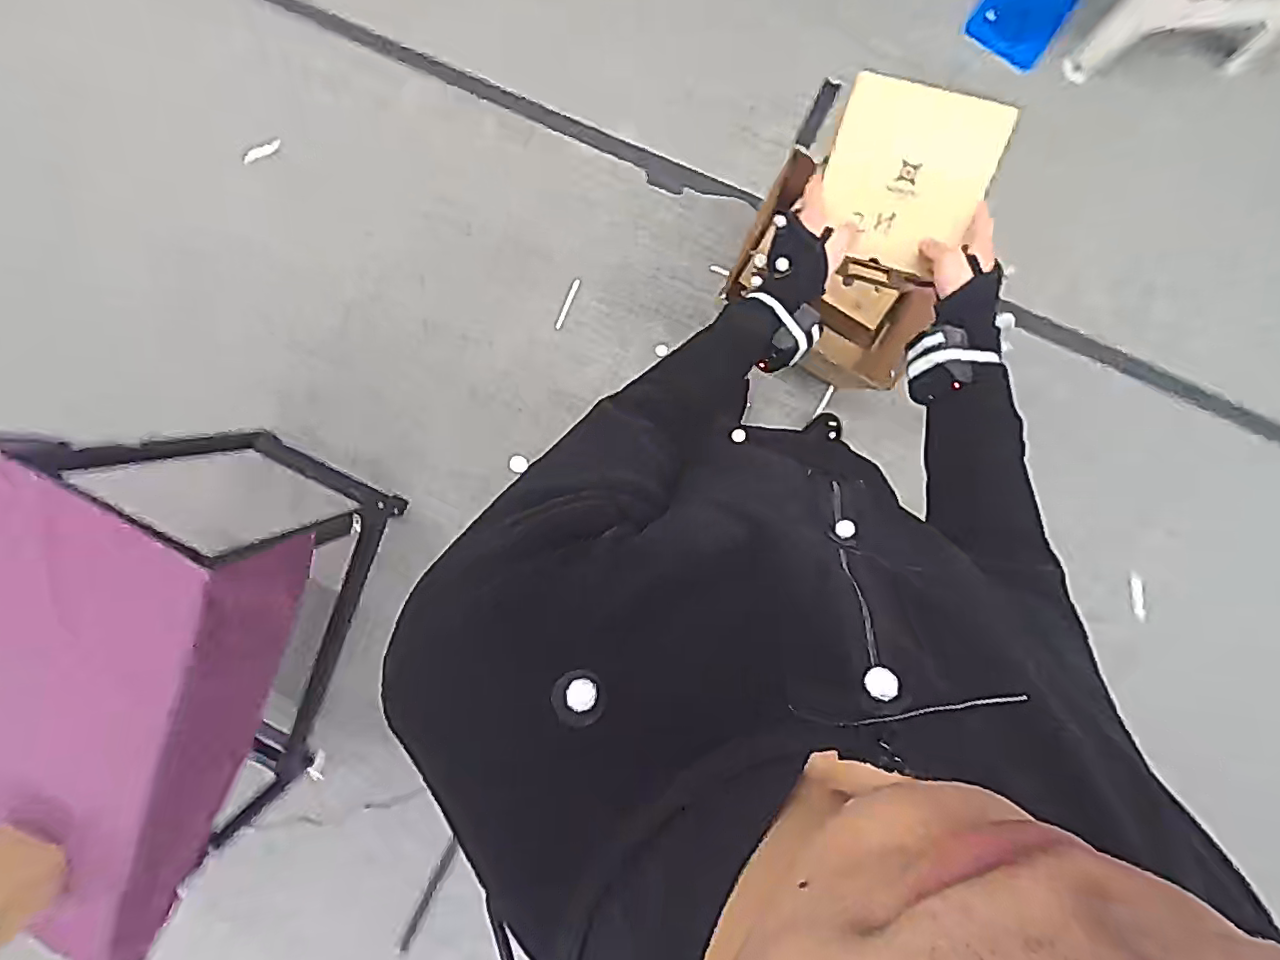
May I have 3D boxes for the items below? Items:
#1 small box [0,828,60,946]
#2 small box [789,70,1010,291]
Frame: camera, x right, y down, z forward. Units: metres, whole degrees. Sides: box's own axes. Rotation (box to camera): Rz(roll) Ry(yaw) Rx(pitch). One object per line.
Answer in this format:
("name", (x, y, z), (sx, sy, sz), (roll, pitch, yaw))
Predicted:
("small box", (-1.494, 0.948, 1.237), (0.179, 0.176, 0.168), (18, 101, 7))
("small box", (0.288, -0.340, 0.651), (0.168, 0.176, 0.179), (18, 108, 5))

·····

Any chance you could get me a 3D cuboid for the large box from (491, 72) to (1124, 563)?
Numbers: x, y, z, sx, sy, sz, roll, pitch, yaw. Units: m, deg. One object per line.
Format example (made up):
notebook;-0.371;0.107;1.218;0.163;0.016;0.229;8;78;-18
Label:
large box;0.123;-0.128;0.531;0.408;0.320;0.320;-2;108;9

·····

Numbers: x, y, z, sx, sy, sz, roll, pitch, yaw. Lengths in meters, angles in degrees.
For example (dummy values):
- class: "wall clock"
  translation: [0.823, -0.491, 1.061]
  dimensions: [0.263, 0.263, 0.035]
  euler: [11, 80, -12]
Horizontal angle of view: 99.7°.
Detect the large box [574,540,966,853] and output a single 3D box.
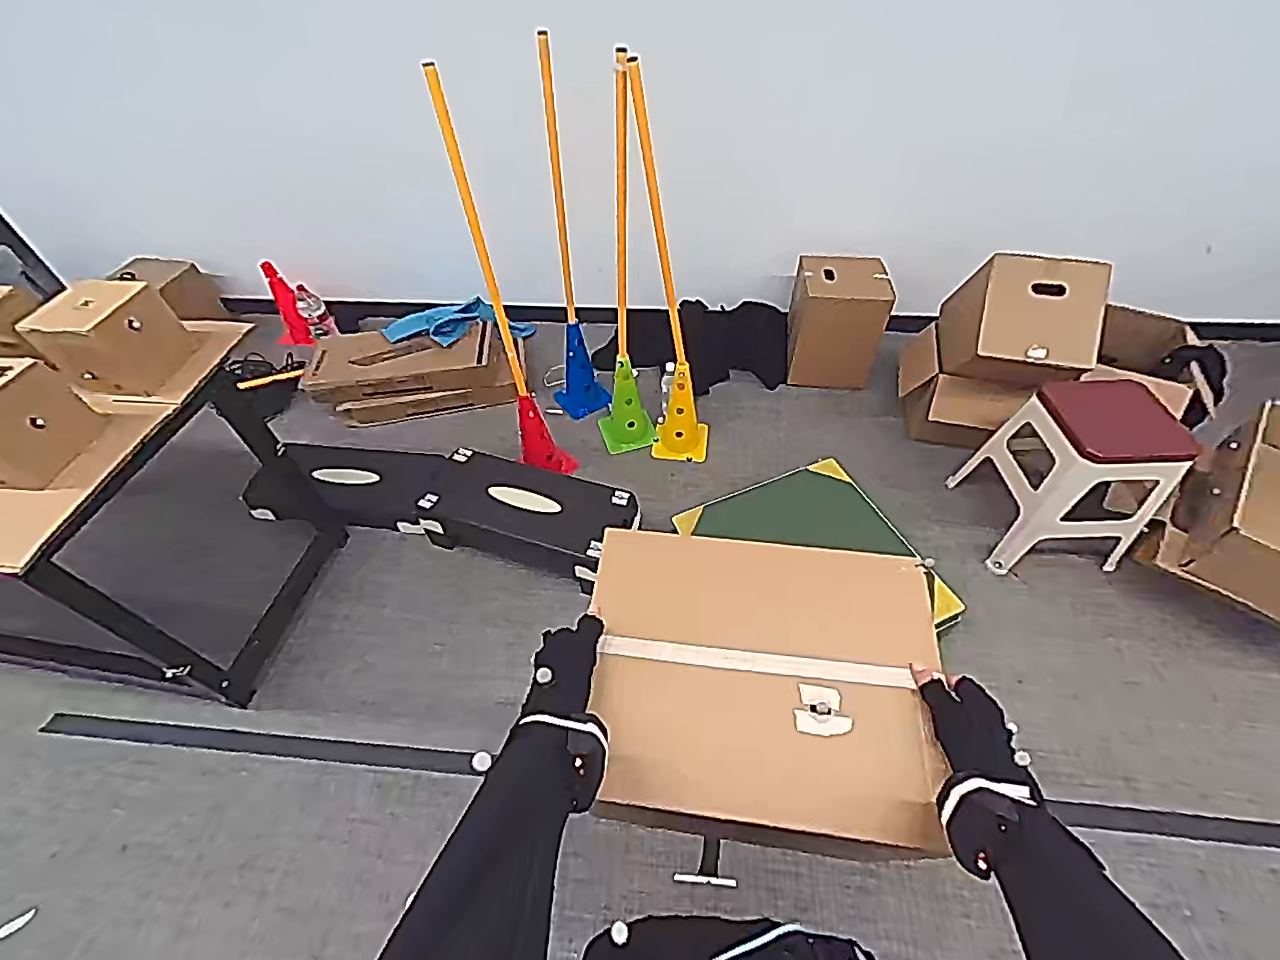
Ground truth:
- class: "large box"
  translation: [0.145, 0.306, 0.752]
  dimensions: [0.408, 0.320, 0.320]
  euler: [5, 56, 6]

·····

▶ _Task details_
Return the lines of the listing where the string "roll" appears.

▶ _Result of this task_
Frame: camera, x right, y down, z forward. Units: metres, whole degrees. Sides: box's own axes. Rotation (box to camera): Rz(roll) Ry(yaw) Rx(pitch). One object per line.
("name", (x, y, z), (sx, sy, sz), (roll, pitch, yaw))
Numbers: x, y, z, sx, sy, sz, roll, pitch, yaw. Units: m, deg. One object per line.
Numbers: x, y, z, sx, sy, sz, roll, pitch, yaw. Lengths in meters, angles in degrees.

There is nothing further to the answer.